In terms of efficiency, both algorithms are [symbol]Q/symbol with respect to time and [symbol]Q/symbol with respect to memory usage. The second algorithm actually makes more function calls than the first, so there’s no time savings there. What’s the benefit of that code?
LSLGuy is absolutely right that recursion is one of the fundamental ideas of computing, particularly when it comes to algorithms and data structures. Not to be abrasive, but the fact that you have difficulty with it is not relevant.
Don’t assume I have difficulty with recursion just because I think it is good coding practice to avoid it when possible. Many people have difficulty with recursion, I don’t.

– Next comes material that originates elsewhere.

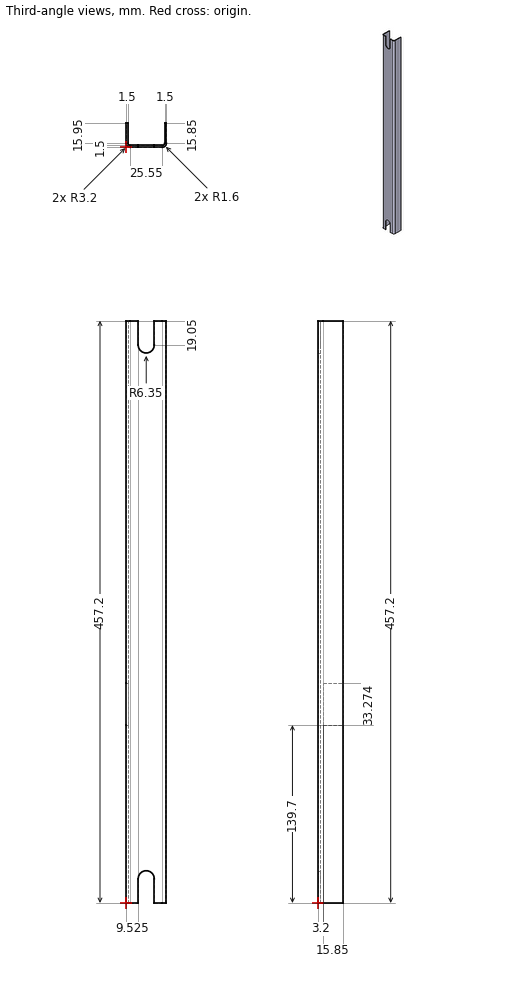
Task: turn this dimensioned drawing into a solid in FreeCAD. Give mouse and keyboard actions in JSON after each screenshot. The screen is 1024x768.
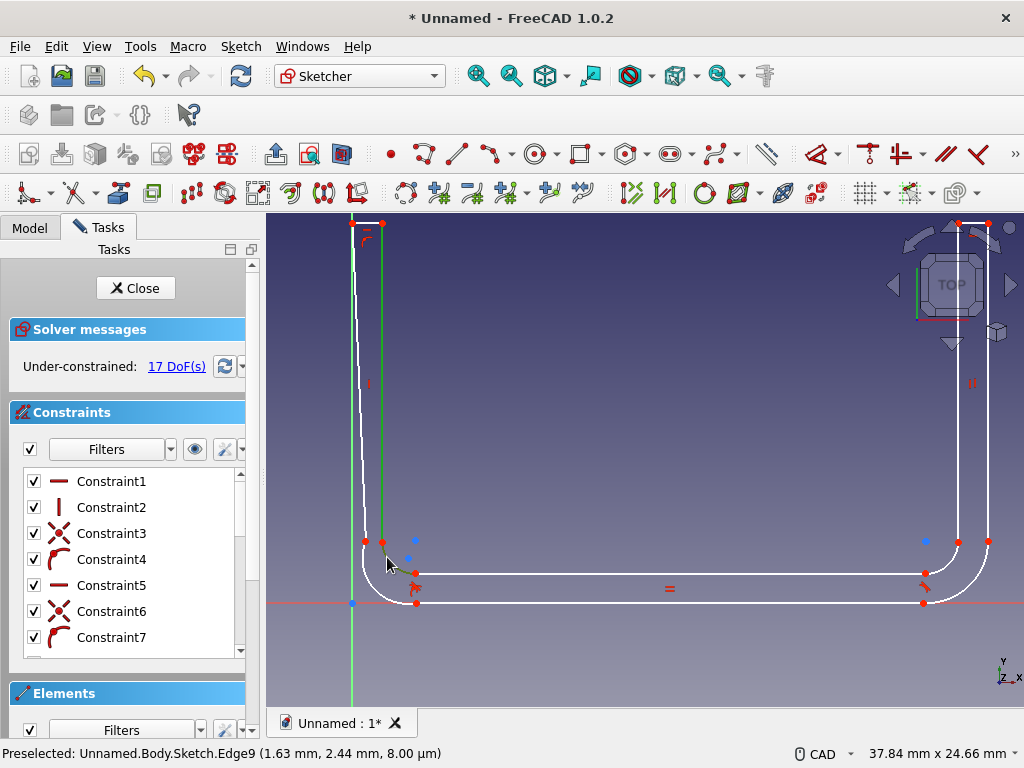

Maybe a better question is, why are you walking a tree to count the nodes in it? Why not increment a counter every time a node is added and decrement when it is removed?
Here’s the code for that:
Tree {
addNode(Node parent){
totalNodes++;
/* more code /
}
removeNode(Node node){
totalNodes–;
/ more code */
}
}
If you’re doing a lot of adding and removing of nodes and not a lot of checking the total, theoretically, your method could be more efficient. But one addition operation per change is almost certainly going to be negligible. And it’s encapsultated, object oriented, and self documenting.
I’m not even saying that recursion is never useful. I’m just saying, it is better to avoid it if you can. But I get the feeling that we’re approaching the question from very different vantage points.
The problem with a DFS is that I need the deepest nodes. In the end, the DFS will give me a queue with the nodes sorted by their height – but how I do know which nodes are the deepest. (They are the last few nodes in the queue, but how many?)
I didn’t think of the 3-queue method. We ‘overheard’ that someone managed to get the ‘deepest nodes’ with a 3 queue, and we worked it out that it may be done that way.
I don’t like the 3-queue method. It’s clumsy, hard to explain what’s going on and etc. I could just do a DFS (as mentioned above), but I have no idea which nodes will be the deepest.